The Claimants in this case were an association responsible for defending the interests of a group of Dutch publishers. The Defendant operated a website that provided a marketplace for used e-books. The website allowed users to sell e-books they have legitimately downloaded in return for credits that can be used on the site to purchase other second hand e-books. As part of the terms of the website, the sellers were required to delete their own copy and the site even placed a digital watermark on the transferred copies to demonstrate which version the legal copy was.
The publishers argued that the Defendant was infringing the copyright in the books because the supply was an unauthorised communication to the public (contrary to Art 3(1) InfoSoc Directive2). The Defendant argued that the supply of second hand e-books fell within the ‘distribution right’ under Art 4 InfoSoc Directive (and was therefore exhausted at the point of first sale by the publishers, or with their permission).
The Principle of Exhaustion
Once a tangible copy of a protectable work (such as a physical book) has legitimately been sold to the public, the rights owner cannot prevent further resale of that work, it has been ‘exhausted’. Copyright cannot override the concept of physical ownership and the legitimate owner of an article should not be prevented from re-selling it.

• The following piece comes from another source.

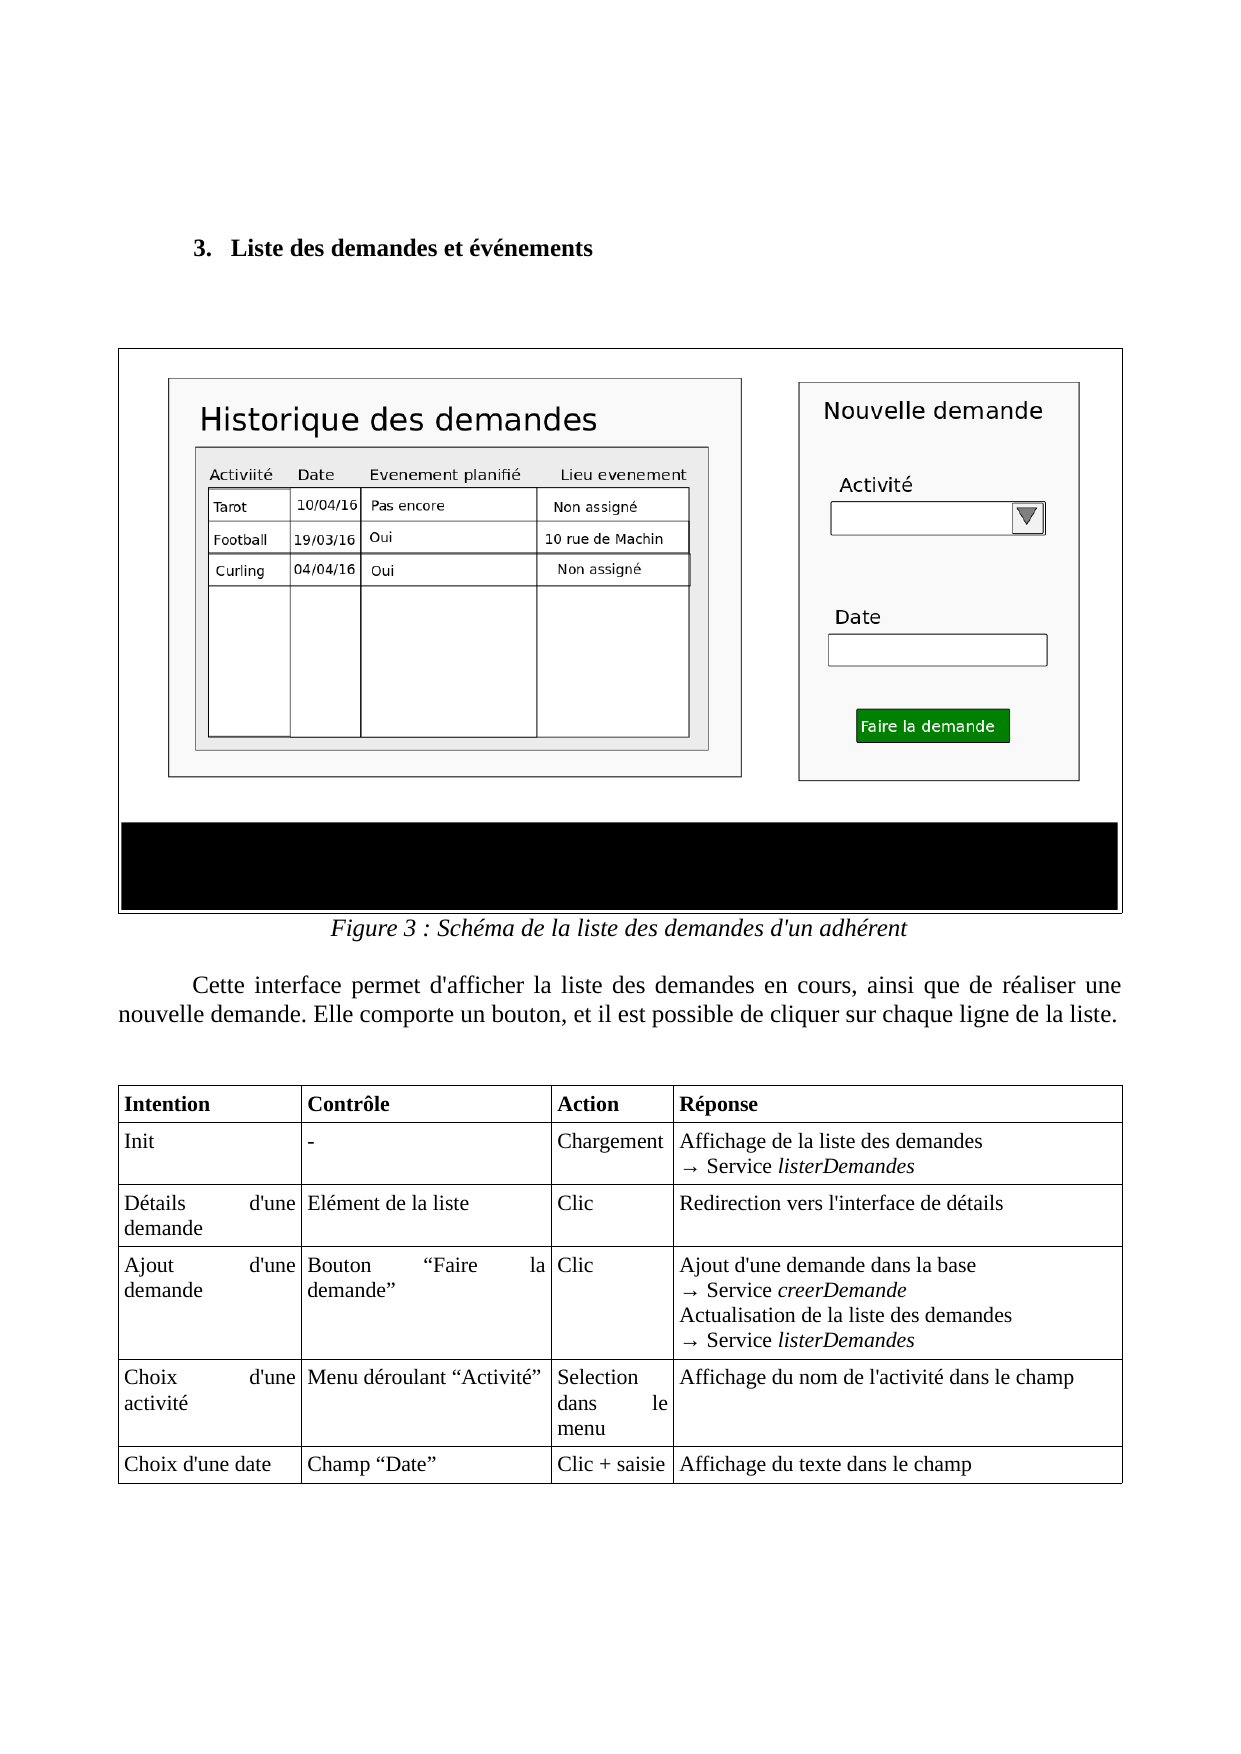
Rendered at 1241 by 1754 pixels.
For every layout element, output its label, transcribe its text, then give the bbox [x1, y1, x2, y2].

To interfere with the concept of exhaustion limits the property right that the physical owner of the item enjoys. However, the digitalisation of copyright works has muddied the waters somewhat, as it has created a new means of supplying and distributing such content. One can easily and quickly obtain perfect copies of a work (which do not deteriorate physically) and distribute them at negligible cost. The result being that the ability of rights holders to obtain fair compensation for their work is reduced.
The ‘Existing’ Position
It has been unclear for some time how far the concept of ‘digital exhaustion’ stretched in the EU. In the UsedSoft3 case, the CJEU ruled that it does apply in relation to software (under the Software Directive), but many national courts have struggled with its application. There are many differences between software and InfoSoc-type works (such as literary works), not least that computer programs are tools, where as literary works can be enjoyed exactly as they exist. AG Szpunar toiled with the two sides of the argument, and set them out quite comprehensively in his opinion4. He eventually concluded, having reviewed both the legal and technological arguments, that the concept of exhaustion should not apply to e-books. Much of the reasoning was regarding the difference between the ‘communication right’ and the ‘distribution right’ and what the EU legislators intended to be covered by each.

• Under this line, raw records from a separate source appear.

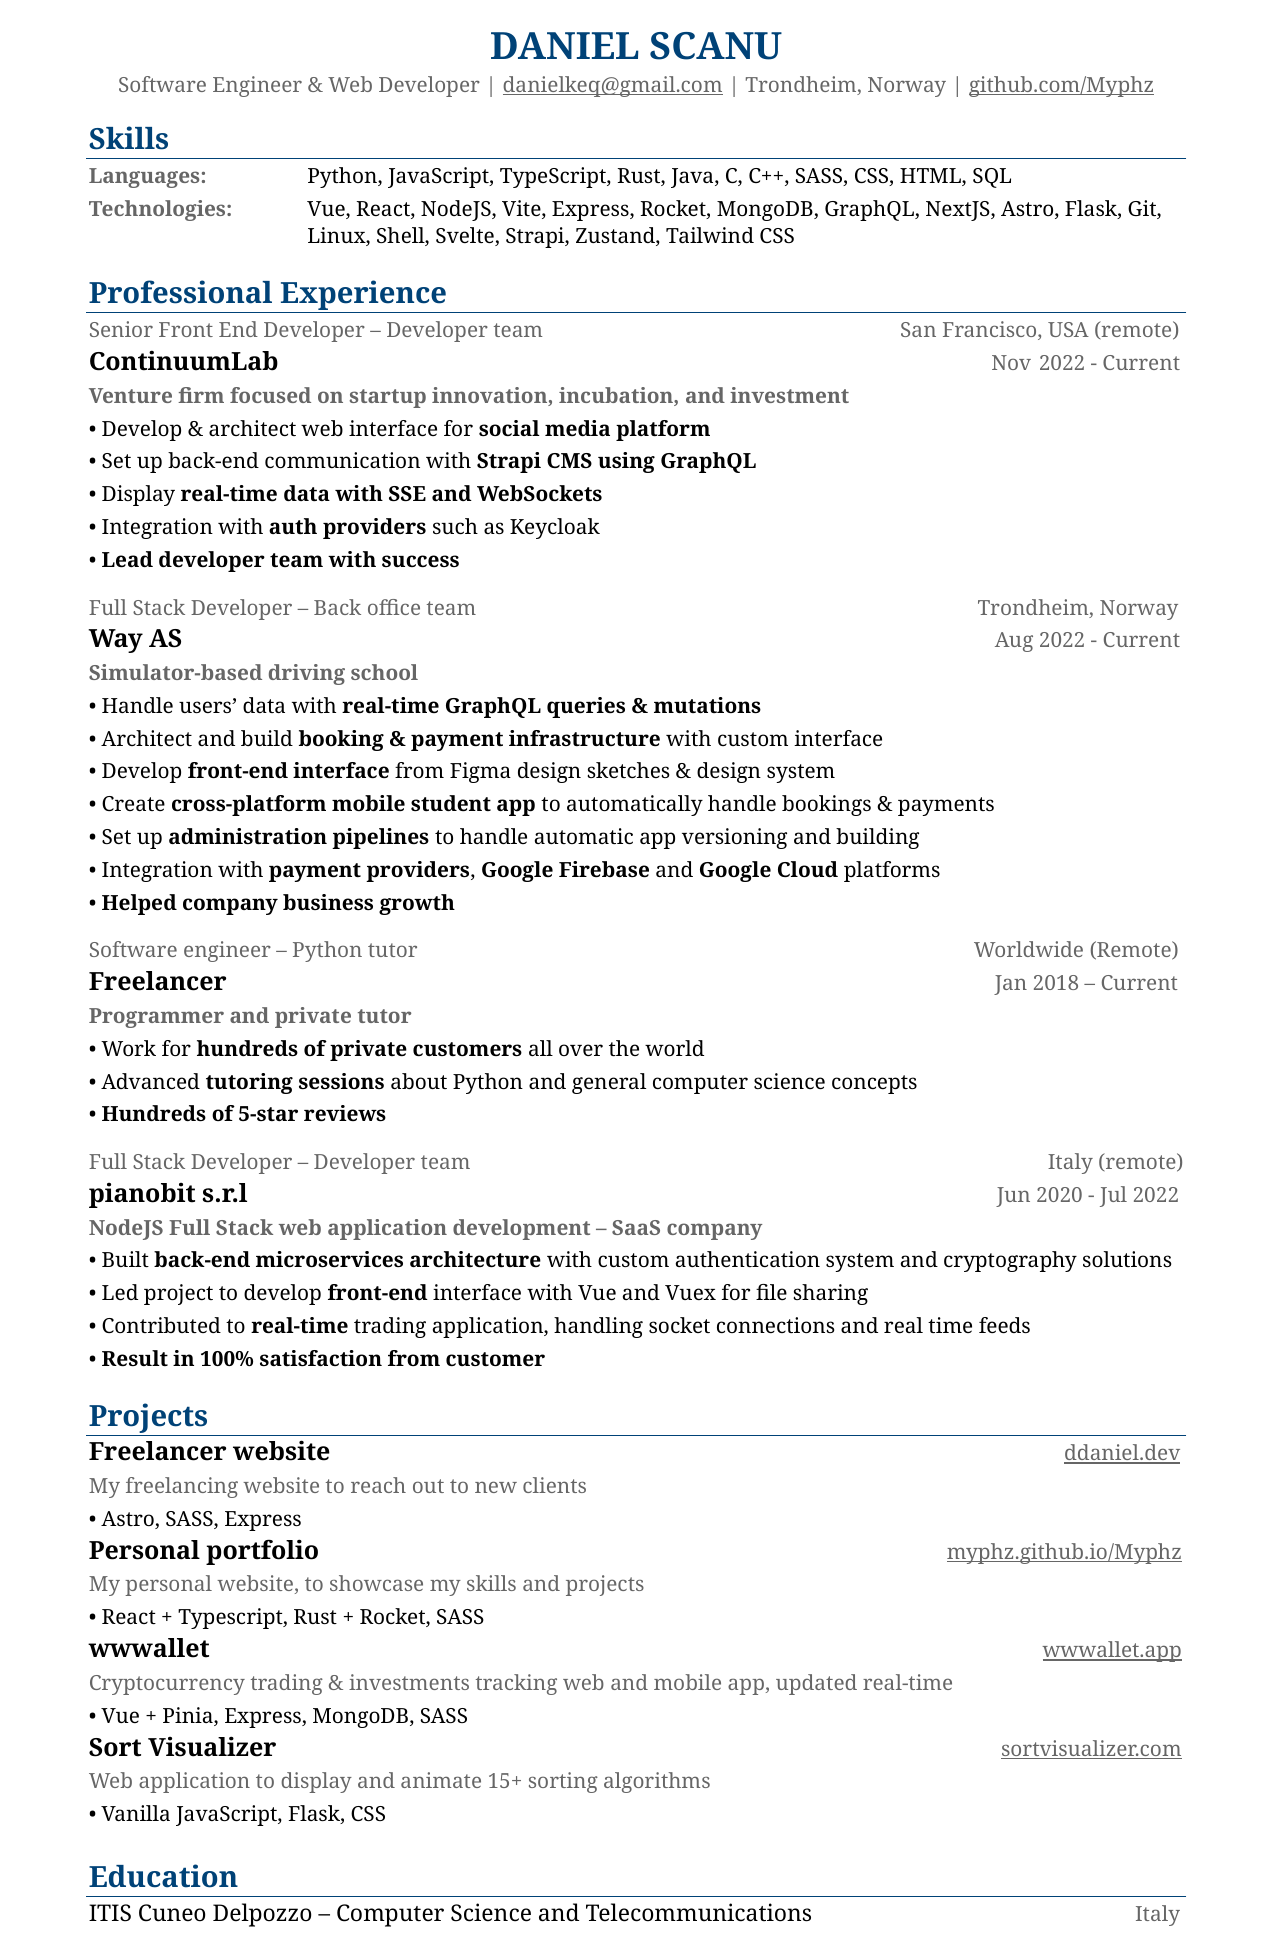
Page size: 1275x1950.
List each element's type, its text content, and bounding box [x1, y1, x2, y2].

text • Create cross-platform mobile student app to automatically handle bookings & payments [86, 787, 1186, 820]
text • Advanced tutoring sessions about Python and general computer science concepts [86, 1064, 1186, 1097]
text • Result in 100% satisfaction from customer [86, 1342, 1186, 1375]
text • Display real-time data with SSE and WebSockets [86, 477, 1186, 510]
text • Set up back-end communication with Strapi CMS using GraphQL [86, 444, 1186, 477]
text Software Engineer & Web Developer | danielkeq@gmail.com | Trondheim, Norway | github.com/Myphz [86, 71, 1186, 97]
text Freelancer Jan 2018 – Current [86, 966, 1186, 999]
text Skills [86, 124, 1186, 158]
text Simulator-based driving school [86, 656, 1186, 689]
text • Work for hundreds of private customers all over the world [86, 1032, 1186, 1064]
text • Integration with payment providers, Google Firebase and Google Cloud platforms [86, 853, 1186, 886]
text • Architect and build booking & payment infrastructure with custom interface [86, 722, 1186, 754]
text Venture firm focused on startup innovation, incubation, and investment [86, 379, 1186, 412]
text • Vue + Pinia, Express, MongoDB, SASS [86, 1699, 1186, 1731]
text ContinuumLab Nov 2022 - Current [86, 346, 1186, 379]
text wwwallet wwwallet.app [86, 1633, 1186, 1666]
text pianobit s.r.l Jun 2020 - Jul 2022 [86, 1178, 1186, 1211]
text Full Stack Developer – Developer team Italy (remote) [86, 1145, 1186, 1178]
text • Built back-end microservices architecture with custom authentication system and cryptography solutions [86, 1243, 1186, 1276]
text My personal website, to showcase my skills and projects [86, 1567, 1186, 1600]
text Sort Visualizer sortvisualizer.com [86, 1731, 1186, 1764]
text My freelancing website to reach out to new clients [86, 1469, 1186, 1502]
text • Hundreds of 5-star reviews [86, 1097, 1186, 1130]
text Software engineer – Python tutor Worldwide (Remote) [86, 933, 1186, 966]
text Senior Front End Developer – Developer team San Francisco, USA (remote) [86, 313, 1186, 346]
text • Astro, SASS, Express [86, 1502, 1186, 1534]
text Professional Experience [86, 278, 1186, 312]
text • Develop & architect web interface for social media platform [86, 412, 1186, 444]
text • Integration with auth providers such as Keycloak [86, 510, 1186, 543]
text • Led project to develop front-end interface with Vue and Vuex for file sharing [86, 1276, 1186, 1309]
text • Contributed to real-time trading application, handling socket connections and real time feeds [86, 1309, 1186, 1342]
text • React + Typescript, Rust + Rocket, SASS [86, 1600, 1186, 1633]
text Education [86, 1863, 1186, 1896]
text Web application to display and animate 15+ sorting algorithms [86, 1764, 1186, 1797]
text • Lead developer team with success [86, 543, 1186, 576]
text • Handle users’ data with real-time GraphQL queries & mutations [86, 689, 1186, 722]
text ITIS Cuneo Delpozzo – Computer Science and Telecommunications Italy [86, 1897, 1186, 1930]
text • Set up administration pipelines to handle automatic app versioning and building [86, 820, 1186, 853]
text Languages: Python, JavaScript, TypeScript, Rust, Java, C, C++, SASS, CSS, HTML, SQL [86, 159, 1186, 192]
text • Helped company business growth [86, 886, 1186, 918]
text Technologies: Vue, React, NodeJS, Vite, Express, Rocket, MongoDB, GraphQL, NextJS, Astro, Flask, Git, Linux, Shell, Svelte, Strapi, Zustand, Tailwind CSS [86, 192, 1186, 252]
text Freelancer website ddaniel.dev [86, 1436, 1186, 1469]
text Cryptocurrency trading & investments tracking web and mobile app, updated real-time [86, 1666, 1186, 1699]
text Programmer and private tutor [86, 999, 1186, 1032]
text • Develop front-end interface from Figma design sketches & design system [86, 754, 1186, 787]
text Projects [86, 1402, 1186, 1435]
text Way AS Aug 2022 - Current [86, 623, 1186, 656]
text NodeJS Full Stack web application development – SaaS company [86, 1211, 1186, 1243]
text Personal portfolio myphz.github.io/Myphz [86, 1534, 1186, 1567]
text • Vanilla JavaScript, Flask, CSS [86, 1797, 1186, 1830]
text DANIEL SCANU [86, 19, 1186, 71]
text Full Stack Developer – Back office team Trondheim, Norway [86, 590, 1186, 623]

The CJEU largely endorsed the view of the Attorney General that the supply of an e-book is covered by the right of communication to the public (under Art 3(1) InfoSoc Directive), it is not a distribution. Therefore, the concept of exhaustion does not apply to the digital sale of e-books.
Obviously this decision will be welcomed by publishers and other rights-holders in the EU. It also seems a sensible decision, for both publishers and consumers, as the alternative would inevitably be higher prices at the point of first download and lower sales of e-books.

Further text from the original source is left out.